Not bad, but now sweep is where all the time is being spent and all the memory is being allocated. The nastiest part of the function is the test for factors, splitting it out:
sweep c n | hasFactor n (fst shortList) = (n, shortList)
| otherwise = sweep shortList (n+2) -- once odd, always odd
where
shortList = extendedList (limit n) c

hasFactor n = not.(any ((== 0).(mod n)))


And running that, we find (as a diff):
-sweep                          Prime.PrimeList3      98.8   94.8    166 102989282
-main Main 0.6 1.7 1 1851678
+hasFactor Prime.PrimeList3 95.8 91.9 159 99832288
+sweep Prime.PrimeList3 2.4 2.9 4 3156994
+main Main 1.2 1.7 2 1851678


Most of the time and allocation is done in the fairly simple hasFactor function. Here's a guess, most of the time, the small numbers are the factors, but the list is in reverse order. So put the list in the other order:
extendedList :: Int -> PrimeCache -> PrimeCache
extendedList limit (l, q) | (x*x)>=limit || empty q
= (l, q)
| otherwise
= extendedList limit (l++[min], newSet)
where
(min, newSet) = deq q
x = last l


And we now have a running time of 0.9 seconds, the profile diff looks like:
<       total time  =        3.62 secs   (181 ticks @ 20 ms)
< total alloc = 438,489,520 bytes (excludes profiling overheads)
---
> total time = 1.44 secs (72 ticks @ 20 ms)
> total alloc = 154,277,996 bytes (excludes profiling overheads)
10,14c10,15
< hasNoFactor Prime.PrimeList3 96.7 91.1 175 99832288
< nextPrimes Prime.PrimeList3 2.2 1.4 4 1491443
< sweep Prime.PrimeList3 0.6 3.8 1 4156994
< main Main 0.6 1.7 1 1851678
< extendedList Prime.PrimeList3 0.0 1.4 0 1502535
---
> hasNoFactor Prime.PrimeList3 56.9 74.4 41 28678852
> extendedList Prime.PrimeList3 36.1 4.2 26 1603090
> main Main 4.2 4.8 3 1851678
> nextPrimes Prime.PrimeList3 2.8 3.9 2 1491443
> enq Prime.Queue 0.0 2.0 0 782348
> sweep Prime.PrimeList3 0.0 10.8 0 4156994


Figuring out if a number has a factor is now only using half the time, but it's still doing the bulk of the allocations. I'm not sure anything more can be done to speed it up, but on a guess, perhaps it's the partial functions and composition which is causing all the allocations. Lets remove them:


hasNoFactor n = any (\ x -> 0==(n `mod` x))

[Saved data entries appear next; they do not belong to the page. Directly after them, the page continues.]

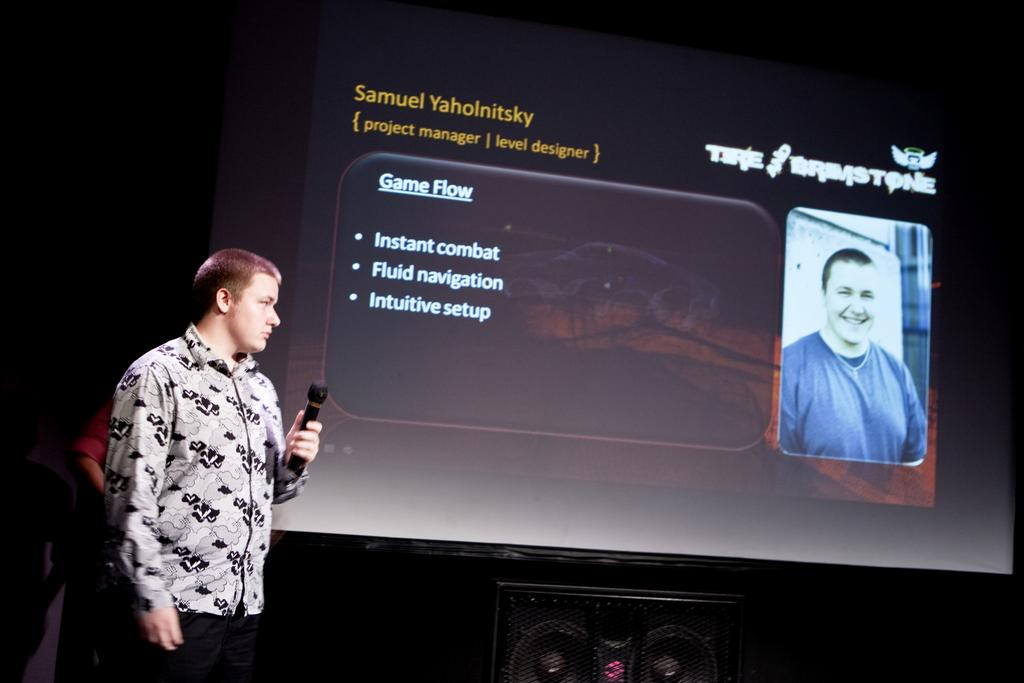What is the man in the image doing? The man is standing in front of a screen. What is on the screen? The screen displays a photo of a person. What object is the man holding? The man is holding a guitar. What other item is present under the screen? There is a speaker under the screen. What type of square can be seen in the image? There is no square present in the image. What view is visible in the photo on the screen? The photo on the screen is not described in detail, so it is not possible to determine the view. 
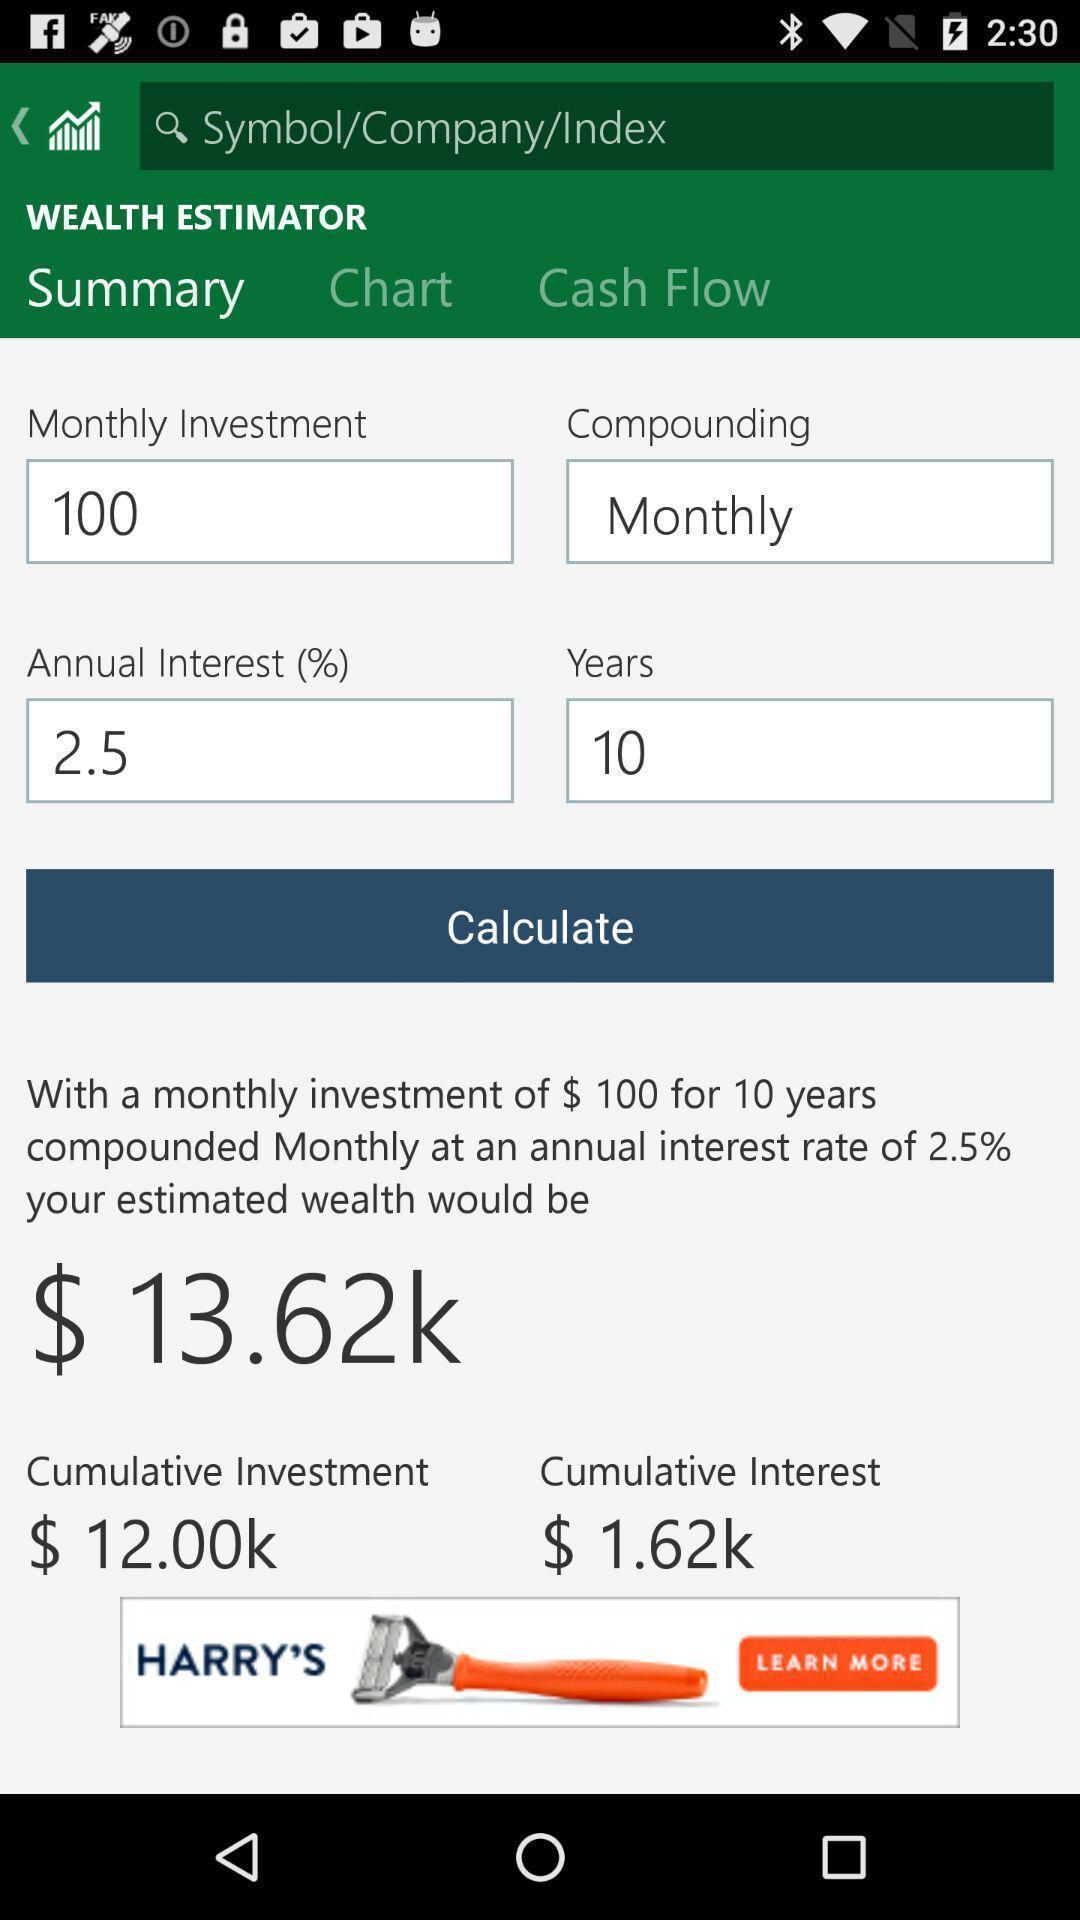What details can you identify in this image? Summary page showing some values in finance app. 
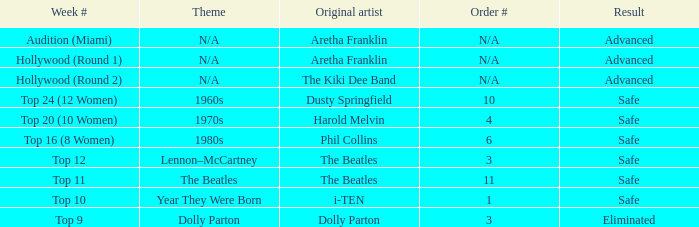What is the order number that has Aretha Franklin as the original artist? N/A, N/A. 
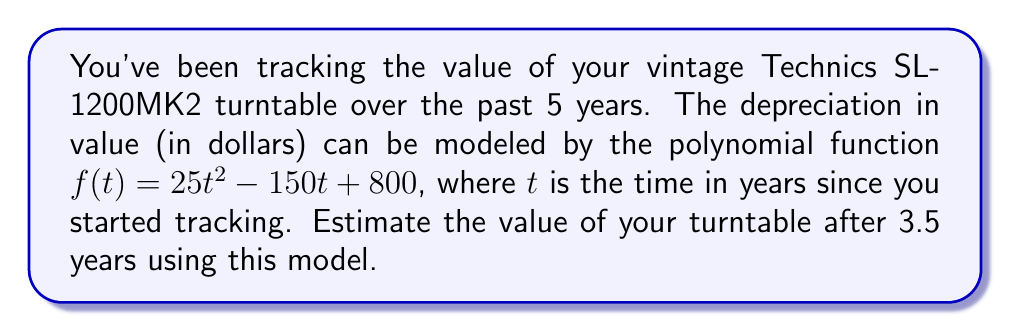Solve this math problem. To solve this problem, we need to follow these steps:

1) We're given the polynomial function: $f(t) = 25t^2 - 150t + 800$

2) We need to find $f(3.5)$, as we want to know the value after 3.5 years.

3) Let's substitute $t = 3.5$ into the function:

   $f(3.5) = 25(3.5)^2 - 150(3.5) + 800$

4) First, let's calculate $(3.5)^2$:
   $(3.5)^2 = 12.25$

5) Now, let's substitute this back and calculate each term:

   $25(12.25) = 306.25$
   $-150(3.5) = -525$
   $800$ remains as is

6) Adding these terms:

   $306.25 - 525 + 800 = 581.25$

Therefore, the estimated value of the turntable after 3.5 years is $581.25.
Answer: $581.25

This does result in an improvement. The run time for the -O2 (no profiling) version takes a small amount under 0.9 seconds. But the amount of allocation is way down.
<       total time  =        1.44 secs   (72 ticks @ 20 ms)
< total alloc = 154,277,996 bytes (excludes profiling overheads)
---
< total time = 1.18 secs (59 ticks @ 20 ms)
< total alloc = 43,562,588 bytes (excludes profiling overheads)
10,15c10,15
< hasNoFactor Prime.PrimeList3 56.9 74.4 41 28678852
< extendedList Prime.PrimeList3 36.1 4.2 26 1603090
< main Main 4.2 4.8 3 1851678
< nextPrimes Prime.PrimeList3 2.8 3.9 2 1491443
< enq Prime.Queue 0.0 2.0 0 782348
< sweep Prime.PrimeList3 0.0 10.8 0 4156994
---
< hasNoFactor Prime.PrimeList3 71.2 9.2 42 1000000
< extendedList Prime.PrimeList3 27.1 14.7 16 1603090
< nextPrimes Prime.PrimeList3 1.7 13.7 1 1491443
< enq Prime.Queue 0.0 7.2 0 782348
< sweep Prime.PrimeList3 0.0 38.2 0 4156994
< main Main 0.0 17.0 0 1851678


I don't think we're going to squeeze any more speed out of the factoring part, but 27% of the time is spent extending the list. The likely culprit is the last function being run all the time. So lets keep track of the last number in that list, and while we're at it, keep the squared number instead of the original since it's squared:

import Data.List
import qualified Data.IntSet as IntSet
import Prime.Queue

type Prime = Int
type PrimeCache = (([Prime], Int), Queue Prime)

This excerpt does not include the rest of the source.